• **WHAT YOU NEED TO DO**
Every line containing "lightlight" should be identified and copied from the data below.

• **THE RECORDS**
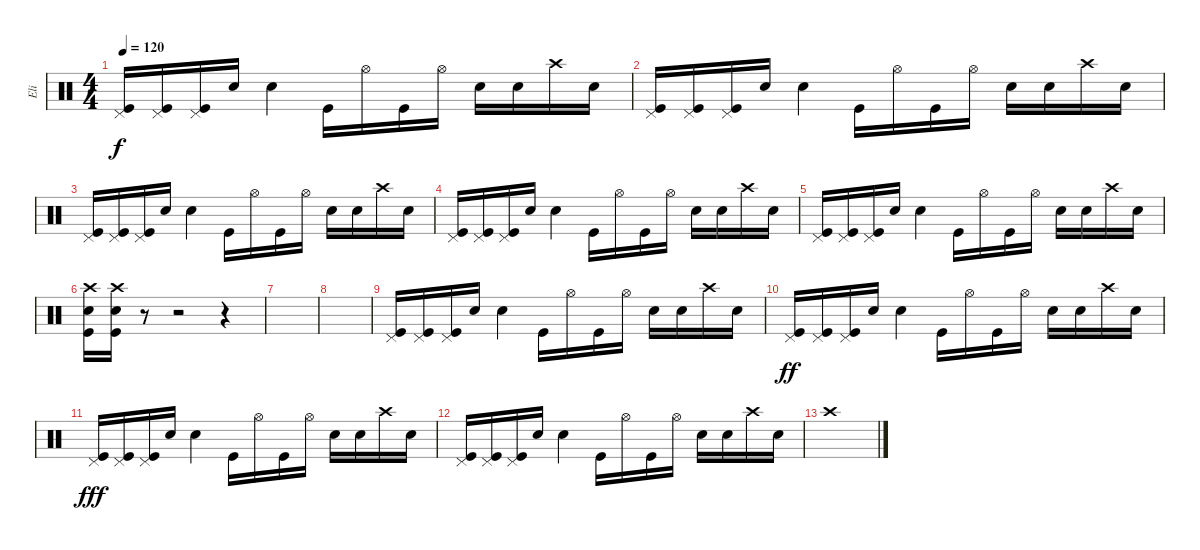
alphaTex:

\track ("Eli" "Eli") {instrument percussion}
\staff {score}
\articulation defaults
\ts (4 4)
\tempo 120
\clef neutral
\ks c
("Pedal Hi-Hat (hit)" "Kick (hit)").16{dy f} ("Pedal Hi-Hat (hit)" "Kick (hit)").16 ("Pedal Hi-Hat (hit)" "Kick (hit)").16 "Electric Snare (hit)".16 "Electric Snare (hit)".4 "Kick (hit)".16 "Hi-Hat (open)".16 "Kick (hit)".16 "Hi-Hat (open)".16 "Electric Snare (hit)".16 "Electric Snare (hit)".16 "Crash high (hit)".16 "Electric Snare (hit)".16 |
("Pedal Hi-Hat (hit)" "Kick (hit)").16 ("Pedal Hi-Hat (hit)" "Kick (hit)").16 ("Pedal Hi-Hat (hit)" "Kick (hit)").16 "Electric Snare (hit)".16 "Electric Snare (hit)".4 "Kick (hit)".16 "Hi-Hat (open)".16 "Kick (hit)".16 "Hi-Hat (open)".16 "Electric Snare (hit)".16 "Electric Snare (hit)".16 "Crash high (hit)".16 "Electric Snare (hit)".16 |
("Pedal Hi-Hat (hit)" "Kick (hit)").16 ("Pedal Hi-Hat (hit)" "Kick (hit)").16 ("Pedal Hi-Hat (hit)" "Kick (hit)").16 "Electric Snare (hit)".16 "Electric Snare (hit)".4 "Kick (hit)".16 "Hi-Hat (open)".16 "Kick (hit)".16 "Hi-Hat (open)".16 "Electric Snare (hit)".16 "Electric Snare (hit)".16 "Crash high (hit)".16 "Electric Snare (hit)".16 |
("Pedal Hi-Hat (hit)" "Kick (hit)").16 ("Pedal Hi-Hat (hit)" "Kick (hit)").16 ("Pedal Hi-Hat (hit)" "Kick (hit)").16 "Electric Snare (hit)".16 "Electric Snare (hit)".4 "Kick (hit)".16 "Hi-Hat (open)".16 "Kick (hit)".16 "Hi-Hat (open)".16 "Electric Snare (hit)".16 "Electric Snare (hit)".16 "Crash high (hit)".16 "Electric Snare (hit)".16 |
("Pedal Hi-Hat (hit)" "Kick (hit)").16 ("Pedal Hi-Hat (hit)" "Kick (hit)").16 ("Pedal Hi-Hat (hit)" "Kick (hit)").16 "Electric Snare (hit)".16 "Electric Snare (hit)".4 "Kick (hit)".16 "Hi-Hat (open)".16 "Kick (hit)".16 "Hi-Hat (open)".16 "Electric Snare (hit)".16 "Electric Snare (hit)".16 "Crash high (hit)".16 "Electric Snare (hit)".16 |
("Electric Snare (hit)" "Kick (hit)" "Crash high (hit)").16 ("Electric Snare (hit)" "Kick (hit)" "Crash high (hit)").16 r.8 r.2 r.4 |
|
|
("Pedal Hi-Hat (hit)" "Kick (hit)").16 ("Pedal Hi-Hat (hit)" "Kick (hit)").16 ("Pedal Hi-Hat (hit)" "Kick (hit)").16 "Electric Snare (hit)".16 "Electric Snare (hit)".4 "Kick (hit)".16 "Hi-Hat (open)".16 "Kick (hit)".16 "Hi-Hat (open)".16 "Electric Snare (hit)".16 "Electric Snare (hit)".16 "Crash high (hit)".16 "Electric Snare (hit)".16 |
("Pedal Hi-Hat (hit)" "Kick (hit)").16{dy ff} ("Pedal Hi-Hat (hit)" "Kick (hit)").16 ("Pedal Hi-Hat (hit)" "Kick (hit)").16 "Electric Snare (hit)".16 "Electric Snare (hit)".4 "Kick (hit)".16 "Hi-Hat (open)".16 "Kick (hit)".16 "Hi-Hat (open)".16 "Electric Snare (hit)".16 "Electric Snare (hit)".16 "Crash high (hit)".16 "Electric Snare (hit)".16 |
("Pedal Hi-Hat (hit)" "Kick (hit)").16{dy fff} ("Pedal Hi-Hat (hit)" "Kick (hit)").16 ("Pedal Hi-Hat (hit)" "Kick (hit)").16 "Electric Snare (hit)".16 "Electric Snare (hit)".4 "Kick (hit)".16 "Hi-Hat (open)".16 "Kick (hit)".16 "Hi-Hat (open)".16 "Electric Snare (hit)".16 "Electric Snare (hit)".16 "Crash high (hit)".16 "Electric Snare (hit)".16 |
("Pedal Hi-Hat (hit)" "Kick (hit)").16 ("Pedal Hi-Hat (hit)" "Kick (hit)").16 ("Pedal Hi-Hat (hit)" "Kick (hit)").16 "Electric Snare (hit)".16 "Electric Snare (hit)".4 "Kick (hit)".16 "Hi-Hat (open)".16 "Kick (hit)".16 "Hi-Hat (open)".16 "Electric Snare (hit)".16 "Electric Snare (hit)".16 "Crash high (hit)".16 "Electric Snare (hit)".16 |
"Crash high (hit)".1
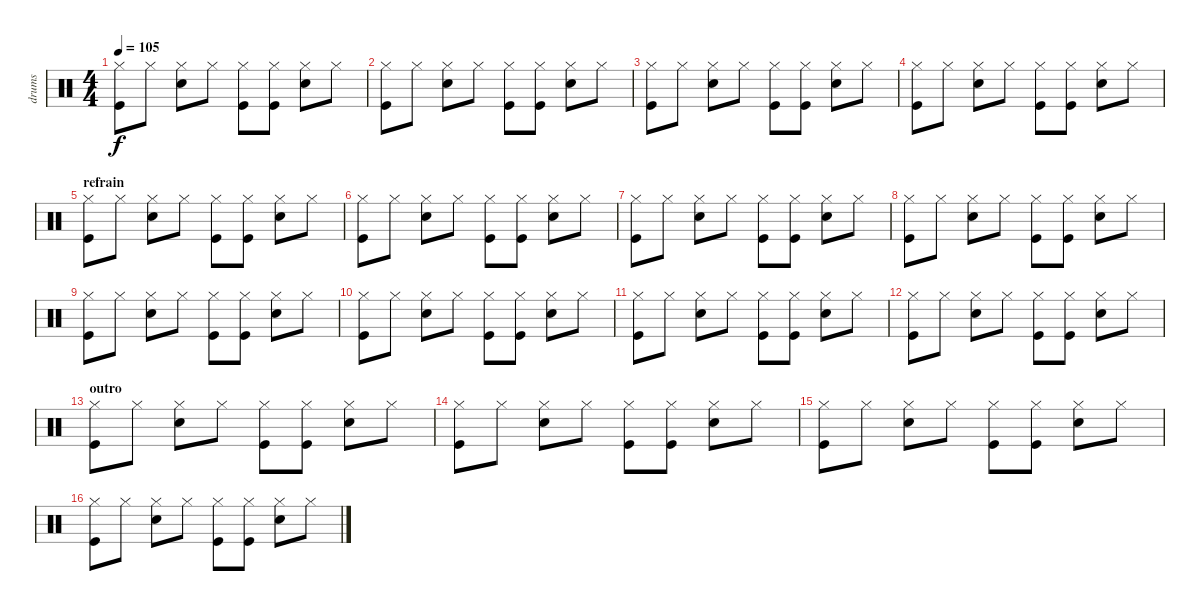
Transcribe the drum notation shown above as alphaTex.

\track ("drums" "drums") {instrument percussion}
\staff {score}
\articulation defaults
\ts (4 4)
\tempo 105
\clef neutral
\ks c
("Hi-Hat (closed)" "Kick (hit)").8{dy f} "Hi-Hat (closed)".8 ("Hi-Hat (closed)" "Snare (hit) 2").8 "Hi-Hat (closed)".8 ("Hi-Hat (closed)" "Kick (hit)").8 ("Hi-Hat (closed)" "Kick (hit)").8 ("Hi-Hat (closed)" "Snare (hit) 2").8 "Hi-Hat (closed)".8 |
("Hi-Hat (closed)" "Kick (hit)").8 "Hi-Hat (closed)".8 ("Hi-Hat (closed)" "Snare (hit) 2").8 "Hi-Hat (closed)".8 ("Hi-Hat (closed)" "Kick (hit)").8 ("Hi-Hat (closed)" "Kick (hit)").8 ("Hi-Hat (closed)" "Snare (hit) 2").8 "Hi-Hat (closed)".8 |
("Hi-Hat (closed)" "Kick (hit)").8 "Hi-Hat (closed)".8 ("Hi-Hat (closed)" "Snare (hit) 2").8 "Hi-Hat (closed)".8 ("Hi-Hat (closed)" "Kick (hit)").8 ("Hi-Hat (closed)" "Kick (hit)").8 ("Hi-Hat (closed)" "Snare (hit) 2").8 "Hi-Hat (closed)".8 |
("Hi-Hat (closed)" "Kick (hit)").8 "Hi-Hat (closed)".8 ("Hi-Hat (closed)" "Snare (hit) 2").8 "Hi-Hat (closed)".8 ("Hi-Hat (closed)" "Kick (hit)").8 ("Hi-Hat (closed)" "Kick (hit)").8 ("Hi-Hat (closed)" "Snare (hit) 2").8 "Hi-Hat (closed)".8 |
\section ("" "refrain")
("Hi-Hat (closed)" "Kick (hit)").8 "Hi-Hat (closed)".8 ("Hi-Hat (closed)" "Snare (hit) 2").8 "Hi-Hat (closed)".8 ("Hi-Hat (closed)" "Kick (hit)").8 ("Hi-Hat (closed)" "Kick (hit)").8 ("Hi-Hat (closed)" "Snare (hit) 2").8 "Hi-Hat (closed)".8 |
("Hi-Hat (closed)" "Kick (hit)").8 "Hi-Hat (closed)".8 ("Hi-Hat (closed)" "Snare (hit) 2").8 "Hi-Hat (closed)".8 ("Hi-Hat (closed)" "Kick (hit)").8 ("Hi-Hat (closed)" "Kick (hit)").8 ("Hi-Hat (closed)" "Snare (hit) 2").8 "Hi-Hat (closed)".8 |
("Hi-Hat (closed)" "Kick (hit)").8 "Hi-Hat (closed)".8 ("Hi-Hat (closed)" "Snare (hit) 2").8 "Hi-Hat (closed)".8 ("Hi-Hat (closed)" "Kick (hit)").8 ("Hi-Hat (closed)" "Kick (hit)").8 ("Hi-Hat (closed)" "Snare (hit) 2").8 "Hi-Hat (closed)".8 |
("Hi-Hat (closed)" "Kick (hit)").8 "Hi-Hat (closed)".8 ("Hi-Hat (closed)" "Snare (hit) 2").8 "Hi-Hat (closed)".8 ("Hi-Hat (closed)" "Kick (hit)").8 ("Hi-Hat (closed)" "Kick (hit)").8 ("Hi-Hat (closed)" "Snare (hit) 2").8 "Hi-Hat (closed)".8 |
("Hi-Hat (closed)" "Kick (hit)").8 "Hi-Hat (closed)".8 ("Hi-Hat (closed)" "Snare (hit) 2").8 "Hi-Hat (closed)".8 ("Hi-Hat (closed)" "Kick (hit)").8 ("Hi-Hat (closed)" "Kick (hit)").8 ("Hi-Hat (closed)" "Snare (hit) 2").8 "Hi-Hat (closed)".8 |
("Hi-Hat (closed)" "Kick (hit)").8 "Hi-Hat (closed)".8 ("Hi-Hat (closed)" "Snare (hit) 2").8 "Hi-Hat (closed)".8 ("Hi-Hat (closed)" "Kick (hit)").8 ("Hi-Hat (closed)" "Kick (hit)").8 ("Hi-Hat (closed)" "Snare (hit) 2").8 "Hi-Hat (closed)".8 |
("Hi-Hat (closed)" "Kick (hit)").8 "Hi-Hat (closed)".8 ("Hi-Hat (closed)" "Snare (hit) 2").8 "Hi-Hat (closed)".8 ("Hi-Hat (closed)" "Kick (hit)").8 ("Hi-Hat (closed)" "Kick (hit)").8 ("Hi-Hat (closed)" "Snare (hit) 2").8 "Hi-Hat (closed)".8 |
("Hi-Hat (closed)" "Kick (hit)").8 "Hi-Hat (closed)".8 ("Hi-Hat (closed)" "Snare (hit) 2").8 "Hi-Hat (closed)".8 ("Hi-Hat (closed)" "Kick (hit)").8 ("Hi-Hat (closed)" "Kick (hit)").8 ("Hi-Hat (closed)" "Snare (hit) 2").8 "Hi-Hat (closed)".8 |
\section ("" "outro")
("Hi-Hat (closed)" "Kick (hit)").8 "Hi-Hat (closed)".8 ("Hi-Hat (closed)" "Snare (hit) 2").8 "Hi-Hat (closed)".8 ("Hi-Hat (closed)" "Kick (hit)").8 ("Hi-Hat (closed)" "Kick (hit)").8 ("Hi-Hat (closed)" "Snare (hit) 2").8 "Hi-Hat (closed)".8 |
("Hi-Hat (closed)" "Kick (hit)").8 "Hi-Hat (closed)".8 ("Hi-Hat (closed)" "Snare (hit) 2").8 "Hi-Hat (closed)".8 ("Hi-Hat (closed)" "Kick (hit)").8 ("Hi-Hat (closed)" "Kick (hit)").8 ("Hi-Hat (closed)" "Snare (hit) 2").8 "Hi-Hat (closed)".8 |
("Hi-Hat (closed)" "Kick (hit)").8 "Hi-Hat (closed)".8 ("Hi-Hat (closed)" "Snare (hit) 2").8 "Hi-Hat (closed)".8 ("Hi-Hat (closed)" "Kick (hit)").8 ("Hi-Hat (closed)" "Kick (hit)").8 ("Hi-Hat (closed)" "Snare (hit) 2").8 "Hi-Hat (closed)".8 |
("Hi-Hat (closed)" "Kick (hit)").8 "Hi-Hat (closed)".8 ("Hi-Hat (closed)" "Snare (hit) 2").8 "Hi-Hat (closed)".8 ("Hi-Hat (closed)" "Kick (hit)").8 ("Hi-Hat (closed)" "Kick (hit)").8 ("Hi-Hat (closed)" "Snare (hit) 2").8 "Hi-Hat (closed)".8
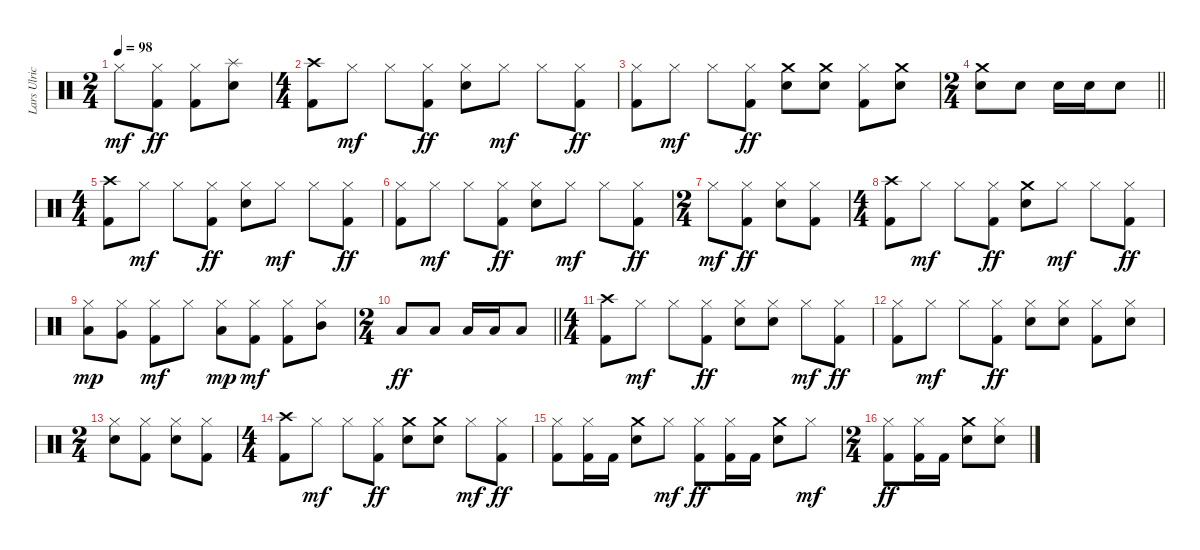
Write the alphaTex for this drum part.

\track ("Lars Ulrich" "Lars Ulric") {instrument percussion}
\staff {score}
\articulation defaults
\ts (2 4)
\tempo 98
\clef neutral
\ks c "Hi-Hat (closed)".8{dy mf}
("Hi-Hat (closed)" "Kick (hit) 2").8{dy ff} ("Hi-Hat (closed)" "Kick (hit) 2").8 ("Splash (hit)" "Snare (hit) 2").8 |
\ts (4 4)
("Crash high (hit)" "Kick (hit) 2").8 "Hi-Hat (closed)".8{dy mf} "Hi-Hat (closed)".8 ("Hi-Hat (closed)" "Kick (hit) 2").8{dy ff} ("Hi-Hat (closed)" "Snare (hit) 2").8 "Hi-Hat (closed)".8{dy mf} "Hi-Hat (closed)".8 ("Hi-Hat (closed)" "Kick (hit) 2").8{dy ff} |
("Hi-Hat (closed)" "Kick (hit) 2").8 "Hi-Hat (closed)".8{dy mf} "Hi-Hat (closed)".8 ("Hi-Hat (closed)" "Kick (hit) 2").8{dy ff} ("Crash medium (hit)" "Snare (hit) 2").8 ("Crash medium (hit)" "Snare (hit) 2").8 ("Hi-Hat (closed)" "Kick (hit) 2").8 ("Crash medium (hit)" "Snare (hit) 2").8 |
\ts (2 4)
\barLineRight lightlight
("Crash medium (hit)" "Snare (hit) 2").8 "Snare (hit) 2".8 "Snare (hit) 2".16 "Snare (hit) 2".16 "Snare (hit) 2".8 |
\ts (4 4)
("Crash high (hit)" "Kick (hit) 2").8 "Hi-Hat (closed)".8{dy mf} "Hi-Hat (closed)".8 ("Hi-Hat (closed)" "Kick (hit) 2").8{dy ff} ("Hi-Hat (closed)" "Snare (hit) 2").8 "Hi-Hat (closed)".8{dy mf} "Hi-Hat (closed)".8 ("Hi-Hat (closed)" "Kick (hit) 2").8{dy ff} |
("Hi-Hat (closed)" "Kick (hit) 2").8 "Hi-Hat (closed)".8{dy mf} "Hi-Hat (closed)".8 ("Hi-Hat (closed)" "Kick (hit) 2").8{dy ff} ("Hi-Hat (closed)" "Snare (hit) 2").8 "Hi-Hat (closed)".8{dy mf} "Hi-Hat (closed)".8 ("Hi-Hat (closed)" "Kick (hit) 2").8{dy ff} |
\ts (2 4)
"Hi-Hat (closed)".8{dy mf} ("Hi-Hat (closed)" "Kick (hit) 2").8{dy ff} ("Hi-Hat (closed)" "Snare (hit) 2").8 ("Hi-Hat (closed)" "Kick (hit) 2").8 |
\ts (4 4)
("Crash high (hit)" "Kick (hit) 2").8 "Hi-Hat (closed)".8{dy mf} "Hi-Hat (closed)".8 ("Hi-Hat (closed)" "Kick (hit) 2").8{dy ff} ("Crash medium (hit)" "Snare (hit) 2").8 "Hi-Hat (closed)".8{dy mf} "Hi-Hat (closed)".8 ("Hi-Hat (closed)" "Kick (hit) 2").8{dy ff} |
("Hi-Hat (closed)" "Low Tom (hit)").8{dy mp} ("Hi-Hat (closed)" "Very Low Tom (hit)").8 ("Hi-Hat (closed)" "Kick (hit) 2").8{dy mf} "Hi-Hat (closed)".8 ("Hi-Hat (closed)" "Low Floor Tom (hit)").8{dy mp} ("Hi-Hat (closed)" "Kick (hit) 2").8{dy mf} ("Hi-Hat (closed)" "Kick (hit) 2").8 ("Hi-Hat (closed)" "Mid Tom (hit)").8 |
\ts (2 4)
\barLineRight lightlight "Low Tom (hit)".8{dy ff} "Low Tom (hit)".8 "Low Floor Tom (hit)".16 "Low Floor Tom (hit)".16 "Low Floor Tom (hit)".8
|
\ts (4 4)
("Crash high (hit)" "Kick (hit) 2").8 "Hi-Hat (closed)".8{dy mf} "Hi-Hat (closed)".8 ("Hi-Hat (closed)" "Kick (hit) 2").8{dy ff} ("Hi-Hat (closed)" "Snare (hit) 2").8 ("Hi-Hat (closed)" "Snare (hit) 2").8 "Hi-Hat (closed)".8{dy mf} ("Hi-Hat (closed)" "Kick (hit) 2").8{dy ff} |
("Hi-Hat (closed)" "Kick (hit) 2").8 "Hi-Hat (closed)".8{dy mf} "Hi-Hat (closed)".8 ("Hi-Hat (closed)" "Kick (hit) 2").8{dy ff} ("Hi-Hat (closed)" "Snare (hit) 2").8 ("Hi-Hat (closed)" "Snare (hit) 2").8 ("Hi-Hat (closed)" "Kick (hit) 2").8 ("Hi-Hat (closed)" "Snare (hit) 2").8 |
\ts (2 4)
("Hi-Hat (closed)" "Snare (hit) 2").8 ("Hi-Hat (closed)" "Kick (hit) 2").8 ("Hi-Hat (closed)" "Snare (hit) 2").8 ("Hi-Hat (closed)" "Kick (hit) 2").8 |
\ts (4 4)
("Crash high (hit)" "Kick (hit) 2").8 "Hi-Hat (closed)".8{dy mf} "Hi-Hat (closed)".8 ("Hi-Hat (closed)" "Kick (hit) 2").8{dy ff} ("Crash medium (hit)" "Snare (hit) 2").8 ("Crash medium (hit)" "Snare (hit) 2").8 "Hi-Hat (closed)".8{dy mf} ("Hi-Hat (closed)" "Kick (hit) 2").8{dy ff} |
("Hi-Hat (closed)" "Kick (hit) 2").8 ("Hi-Hat (closed)" "Kick (hit) 2").16 "Kick (hit) 2".16 ("Crash medium (hit)" "Snare (hit) 2").8 "Hi-Hat (closed)".8{dy mf} ("Hi-Hat (closed)" "Kick (hit) 2").8{dy ff} ("Hi-Hat (closed)" "Kick (hit) 2").16 "Kick (hit) 2".16 ("Crash medium (hit)" "Snare (hit) 2").8 "Hi-Hat (closed)".8{dy mf} |
\ts (2 4)
("Hi-Hat (closed)" "Kick (hit) 2").8{dy ff} ("Hi-Hat (closed)" "Kick (hit) 2").16 "Kick (hit) 2".16 ("Crash medium (hit)" "Snare (hit) 2").8 ("Hi-Hat (closed)" "Snare (hit) 2").8
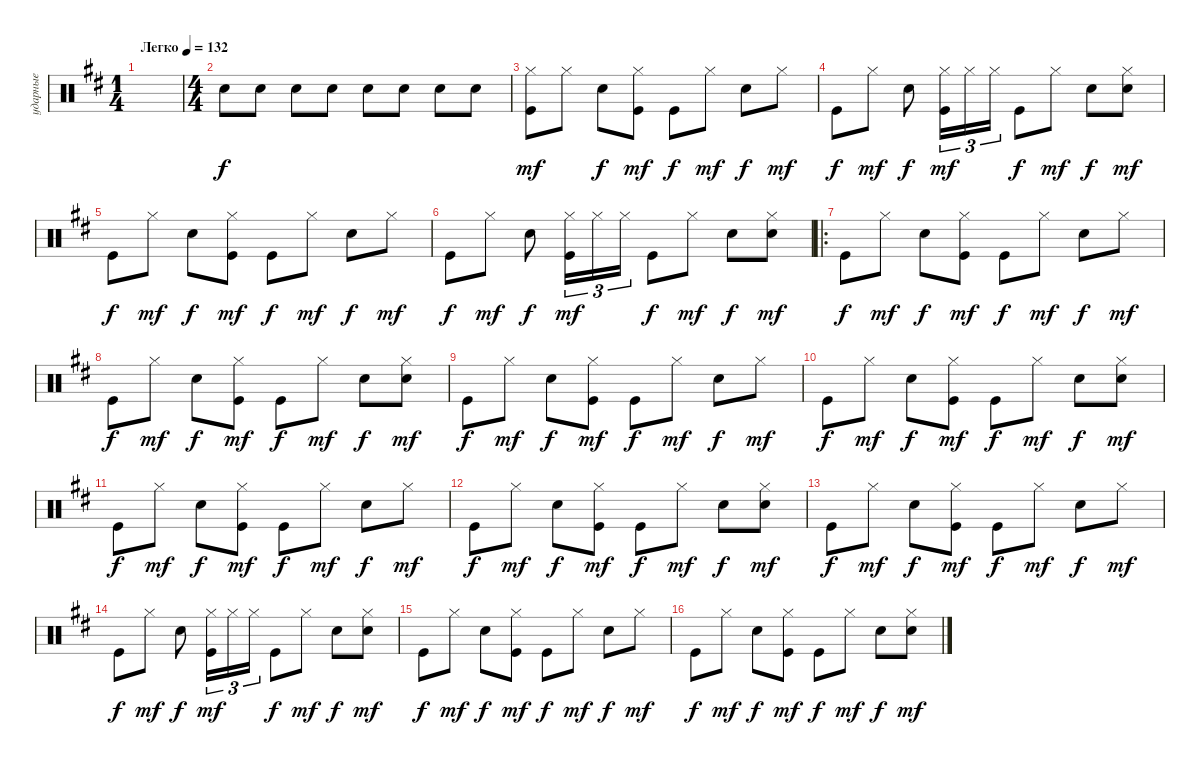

• **EXPECTED ANSWER**
\barLineRight lightlight
\barLineRight lightlight "Low Tom (hit)".8{dy ff} "Low Tom (hit)".8 "Low Floor Tom (hit)".16 "Low Floor Tom (hit)".16 "Low Floor Tom (hit)".8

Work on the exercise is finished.